全部で16個と学びやすく,よくある質問からはリンクを辿ることでより知識を深めていけます。
性的な犯罪に対しては,警察庁のページから啓発資料を読んでみてください。
まとめ
以上,長くならないように適度に字数を抑えつつも,情報モラルについて大切な事柄をまとめてきましたが,何らかの学びがありましたら幸いです。

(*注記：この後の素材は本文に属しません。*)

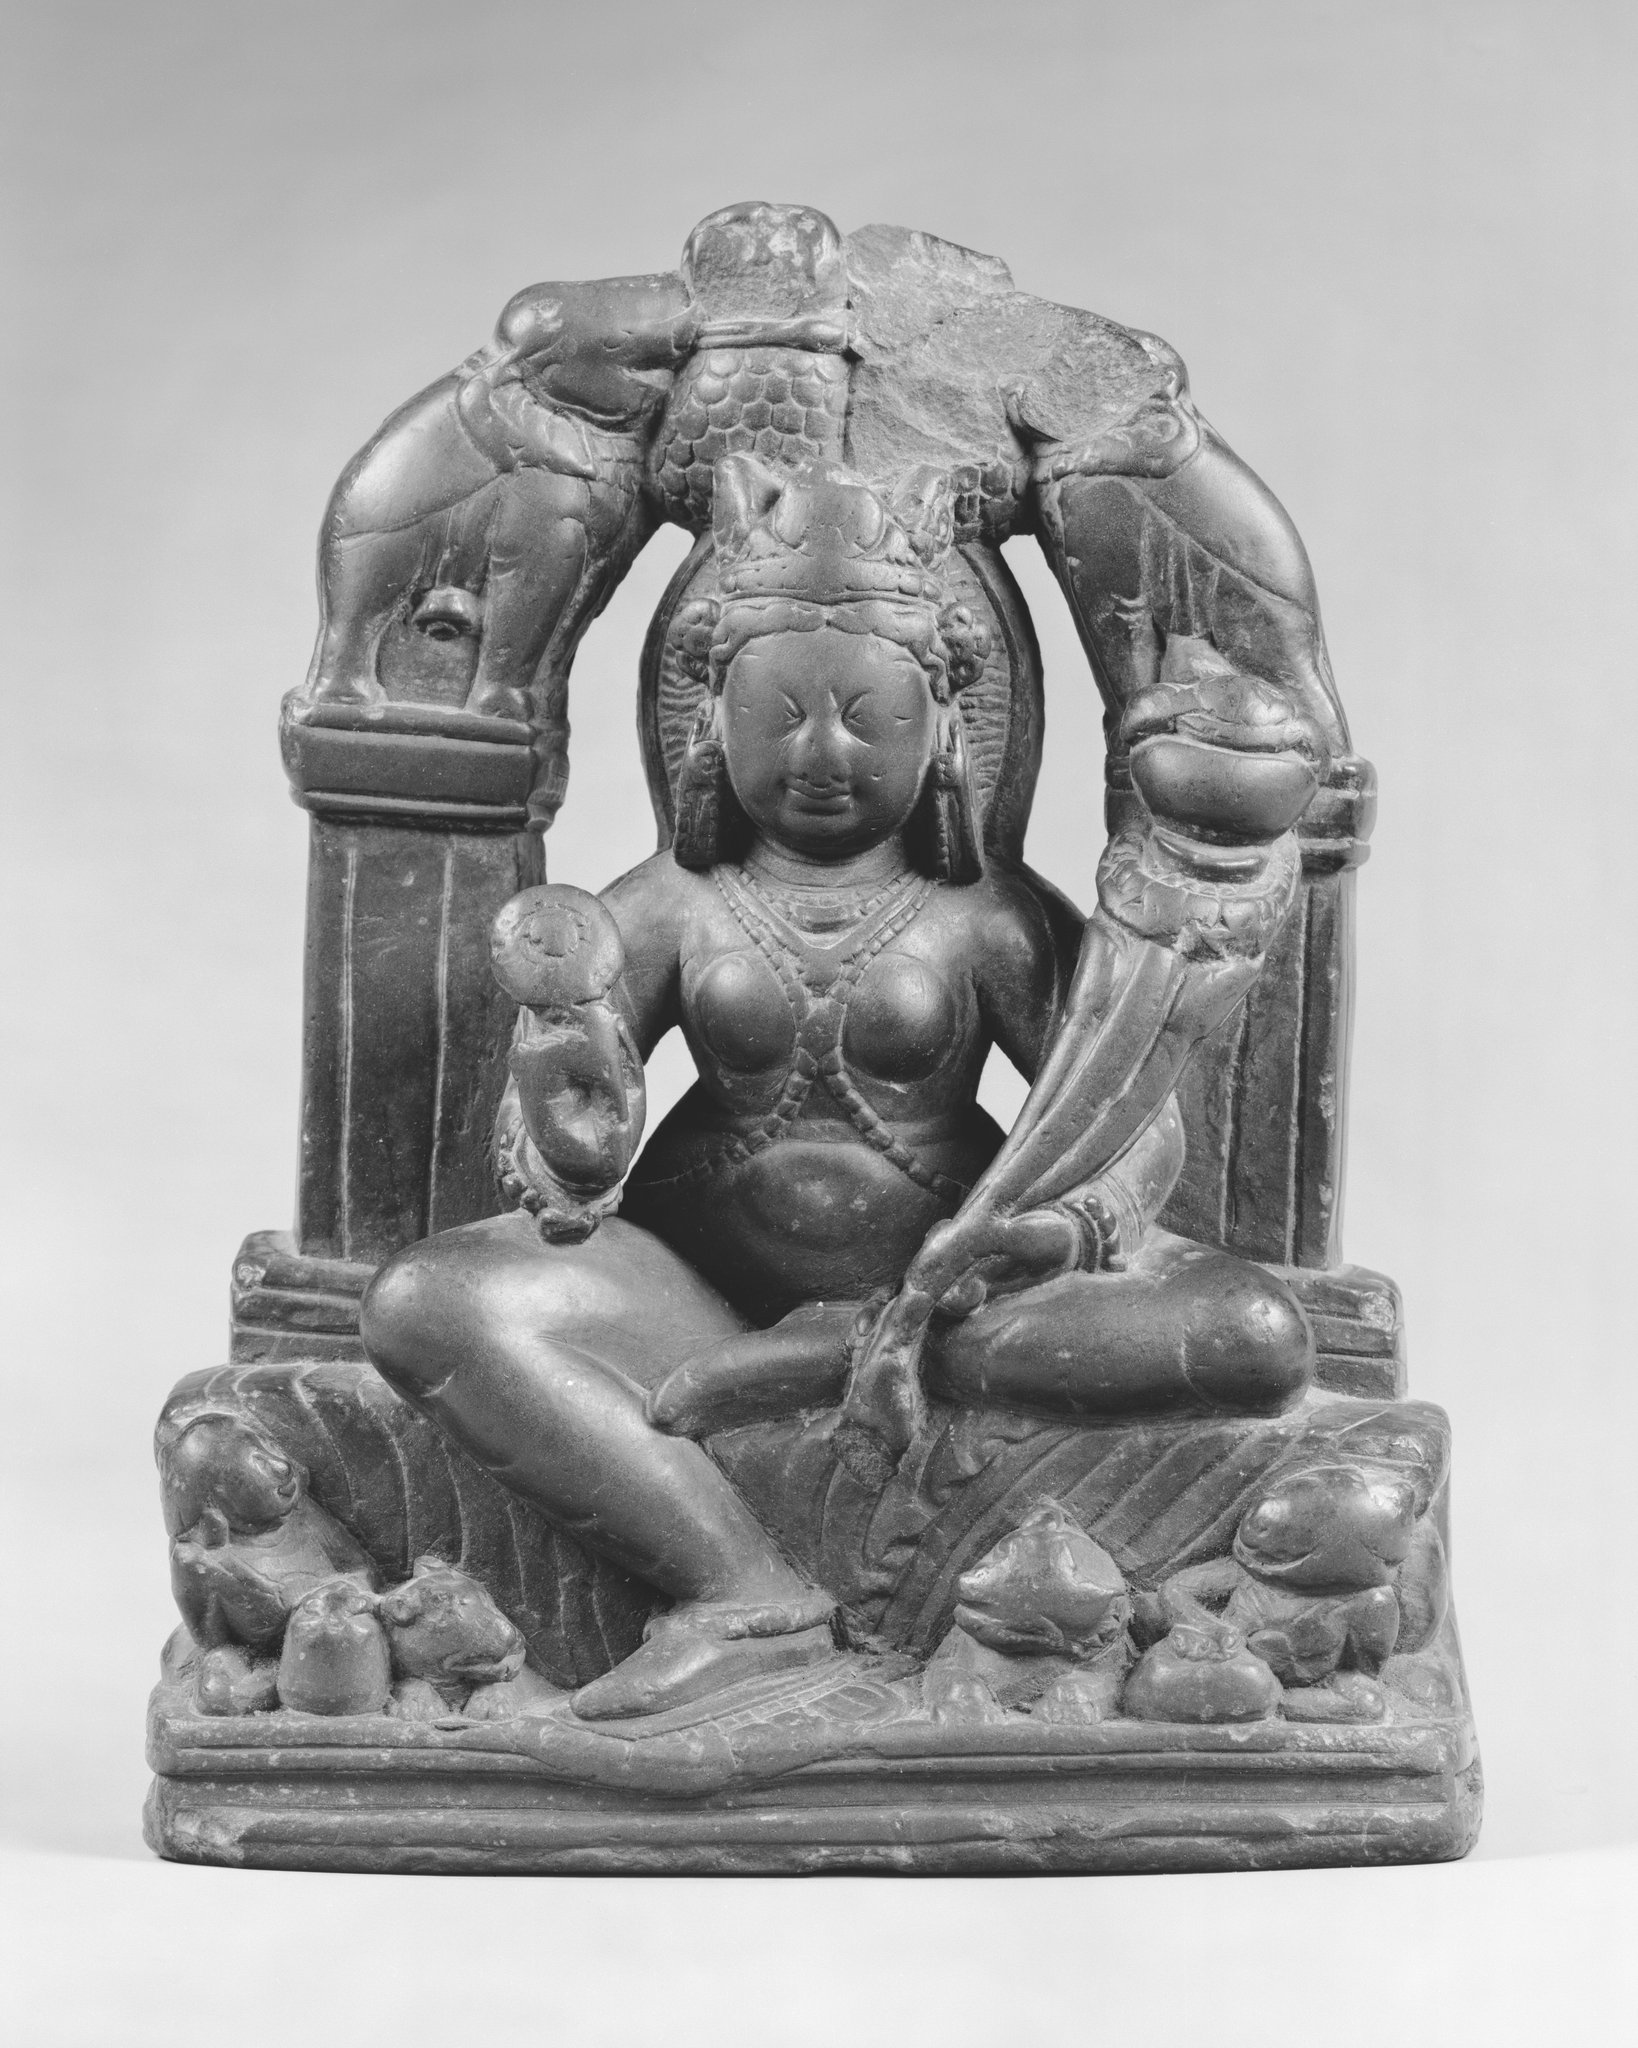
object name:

情報は正しく活用すれば,日々の生活をより充実したものに変えてくれます。
多才なクリエイターが作った動画は多くの学びを含んでいますし,色々な人とコミュニケーションをすることは楽しいものです(実際,今の小中高生が1日の自由時間の多くをインターネットに費やすと聞かされたときも私は驚きませんでした)。
しかし,その一方で,知らず知らずのうちに誰かを傷つけたり,犯罪に巻き込まれてしまう危険性もはらんでいるわけで,情報モラルを学ぶことなしに好き勝手に使うことは危険です。
多人数で弱者を責め立てるのは人間の特性ですし,責任の所在を他人に擦り付けることは昔から行われていることでしょうから,匿名という群れの中に逃げ隠れて,こちらに悪意を向けてくる人間が出てきてもおかしくありません。
もちろん,悪いことをする人がいなくなる世界を実現することが理想なのですが,今日もメールボックスにたくさんの詐欺まがいのメールが届いていたのを見るに,残念ながらその道は険しいように思いました。
みなさまには本記事の内容や紹介したサイトをもとに,情報モラルについての知識を充実させていただき,それでも扱いに困るような際には,「これは自分の成長や他人の幸せに繋がるのか」を基準に判断していただけたらと思います。
最後までお読みいただきありがとうございました。